Los apaches, según el autor, a quien le encanta hablar de colores de piel, eran bárbaros, no una civilización nómada, fundada en criterios diferentes a los de los hispanos católicos y los ingleses protestantes, pero no por ello menos valiosos en su cultura. Sin embargo la diferencia cultural es lo que permitió su barbarización y promovió su exterminio a ambos lados de la frontera México-EEUU, describiéndolos en términos brutales: ferocísimos, sangrientos, bárbaros, chusma de ladrones, fieras, recios, indomables, montaraces, crueles, asesinos, un problema para la Colonia, sin decir que la Colonia era el problema para los nativos. Se fijó por parte del Estado el precio por la vida de los apaches: 200 pesos por cada guerrero muerto, 250 por guerrero prisionero, 150 pesos por india o menor de 14 años. Luego, los apaches son los bárbaros, ¿no? Además, el precio se pagaría por la cabellera de cada muerto. Esta campaña inició en 1855, en Chihuahua, cuando una partida de apaches llegó a orillas del Chuvíscar y asesinó a un pastor. Joaquín Terrazas, a petición del gobernador Luis Zuloaga, es encargado de seguir y batir a los indios, cosa que el señor Terrazas hizo durante varios años.

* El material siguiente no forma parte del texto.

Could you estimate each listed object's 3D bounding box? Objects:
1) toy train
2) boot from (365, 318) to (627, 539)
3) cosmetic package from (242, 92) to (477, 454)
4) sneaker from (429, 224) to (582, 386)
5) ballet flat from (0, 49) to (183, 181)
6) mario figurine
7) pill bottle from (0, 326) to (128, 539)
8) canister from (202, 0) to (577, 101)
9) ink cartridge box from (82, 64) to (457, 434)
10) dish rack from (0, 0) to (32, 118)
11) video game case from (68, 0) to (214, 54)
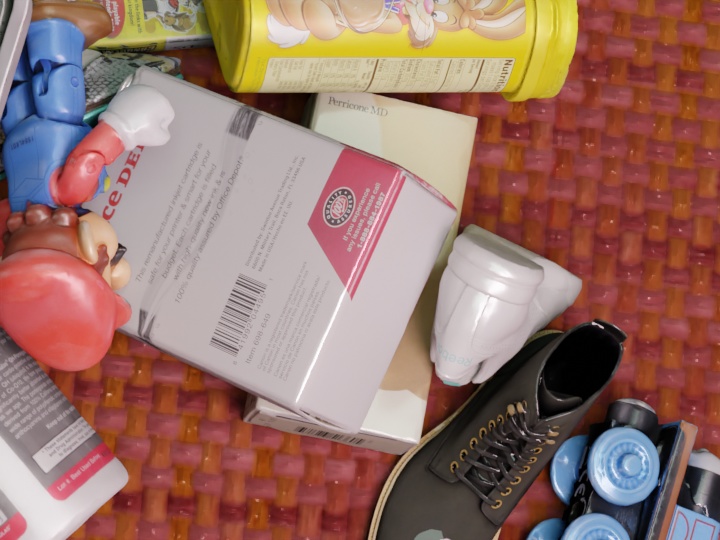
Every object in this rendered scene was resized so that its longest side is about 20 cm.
[{"bbox_3d":[0.158,0.180,1.545,0.114,0.087,0.201,22,75,-15],"label":"toy train"},{"bbox_3d":[0.074,0.110,1.510,0.077,0.138,0.201,33,77,-3],"label":"boot"},{"bbox_3d":[0.000,0.000,1.549,0.104,0.071,0.202,11,79,-7],"label":"cosmetic package"},{"bbox_3d":[0.073,0.026,1.508,0.075,0.200,0.089,25,96,13],"label":"sneaker"},{"bbox_3d":[-0.200,-0.091,1.528,0.200,0.072,0.072,-33,87,-13],"label":"ballet flat"},{"bbox_3d":[-0.159,-0.042,1.448,0.105,0.124,0.202,-2,74,-12],"label":"mario figurine"},{"bbox_3d":[-0.234,0.078,1.475,0.111,0.111,0.200,-40,90,-14],"label":"pill bottle"},{"bbox_3d":[0.012,-0.168,1.538,0.198,0.087,0.149,-2,48,-18],"label":"canister"},{"bbox_3d":[-0.066,-0.013,1.474,0.199,0.085,0.147,23,87,31],"label":"ink cartridge box"},{"bbox_3d":[-0.268,-0.091,1.431,0.171,0.044,0.202,17,89,21],"label":"dish rack"},{"bbox_3d":[-0.164,-0.229,1.583,0.179,0.026,0.202,-6,81,-11],"label":"video game case"}]

El Liberalismo había llegado a Chihuahua y José Eligio Muñoz y Pedro Ignacio Irigoyen fundaron el Instituto Científico y Literario, mientras el gobernador Antonio Ochoa expide la Constitución del Estado, acorde a la Federal.

Por ese momento, Joaquín Terrazas ha conseguido que los apaches entren en negociaciones de paz, pero al pasar por una hacienda, un ranchero hace al indio jefe Cojinillín la seña del degüello, con lo que los apaches escapan. Nuevas pláticas de paz en la hacienda de Estanislao Porras donde, por nerviosismo, los soldados disparan contra los apaches que se acercaban a la hacienda, matando a los jefes Venancio, José Nuevo y Agatón (nótense los nombres castellanos, no ingleses), con lo que la paz se ve rota de nuevo. Así, el recién estrenado teniente coronel Joaquín Terrazas se ve obligado a perseguir de nuevo a los indios.

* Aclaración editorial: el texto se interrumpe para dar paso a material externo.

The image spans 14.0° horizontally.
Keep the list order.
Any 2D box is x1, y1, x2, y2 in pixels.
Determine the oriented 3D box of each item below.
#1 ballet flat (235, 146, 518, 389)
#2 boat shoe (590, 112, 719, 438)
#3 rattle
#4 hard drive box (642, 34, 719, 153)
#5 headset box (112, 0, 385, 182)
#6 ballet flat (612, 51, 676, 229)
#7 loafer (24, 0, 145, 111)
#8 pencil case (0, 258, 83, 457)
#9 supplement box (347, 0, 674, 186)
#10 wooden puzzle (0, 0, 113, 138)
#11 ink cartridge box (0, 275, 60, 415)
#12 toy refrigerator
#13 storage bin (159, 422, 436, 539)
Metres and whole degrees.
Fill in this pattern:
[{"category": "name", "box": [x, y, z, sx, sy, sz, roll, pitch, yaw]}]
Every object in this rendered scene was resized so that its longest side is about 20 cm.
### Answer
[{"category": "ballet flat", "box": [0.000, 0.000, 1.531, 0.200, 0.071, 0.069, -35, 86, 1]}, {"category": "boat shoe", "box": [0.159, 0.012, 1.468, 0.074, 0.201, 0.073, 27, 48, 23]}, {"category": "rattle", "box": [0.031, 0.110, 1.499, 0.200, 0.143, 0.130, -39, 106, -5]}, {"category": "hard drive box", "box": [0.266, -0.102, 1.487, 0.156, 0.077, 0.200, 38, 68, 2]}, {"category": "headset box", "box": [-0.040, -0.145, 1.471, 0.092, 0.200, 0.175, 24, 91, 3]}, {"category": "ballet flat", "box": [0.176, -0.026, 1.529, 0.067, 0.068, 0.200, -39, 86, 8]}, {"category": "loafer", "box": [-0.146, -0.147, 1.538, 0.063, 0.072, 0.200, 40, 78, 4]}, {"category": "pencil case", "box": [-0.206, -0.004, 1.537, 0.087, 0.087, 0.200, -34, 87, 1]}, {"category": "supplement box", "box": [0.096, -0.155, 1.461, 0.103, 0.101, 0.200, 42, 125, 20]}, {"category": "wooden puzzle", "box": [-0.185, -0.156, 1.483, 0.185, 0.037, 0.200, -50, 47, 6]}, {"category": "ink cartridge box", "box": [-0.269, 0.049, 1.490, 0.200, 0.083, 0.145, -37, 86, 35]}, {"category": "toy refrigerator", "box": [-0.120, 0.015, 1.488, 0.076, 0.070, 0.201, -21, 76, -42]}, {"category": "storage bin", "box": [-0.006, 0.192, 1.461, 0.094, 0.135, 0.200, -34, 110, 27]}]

El autor nos narra, en dos o tres capítulos, las peripecias de la República errante, durante la intervención francesa, pero comete, a mi juicio, el error de introducir el momento histórico con un párrafo que se centra en el color de la piel de Maximiliano y Juárez, uno rubio y aristocrático y el otro aborigen zapoteca. ¿Por qué esta necesidad de reducir todo a las diferencias fisionómicas?

Entra en escena Luis terrazas, primero un patriota, luego un codicioso oligarca, del que Juárez dudó, no así de Joaquín. Se nos cuenta, en estos capítulos, la esperanza que Chihuahua representó para el liberalismo, “Refugio de la libertad y custodia de la República” en palabras de Alberto Terrazas Valdés, en “feliz frase”, según el autor, quien nos narra los bailes y recepciones que se dieron a Juárez y su comitiva en Chihuahua, sede de los Supremos Poderes, donde Juárez escribe: los hombres somos nada, los principios lo son todo.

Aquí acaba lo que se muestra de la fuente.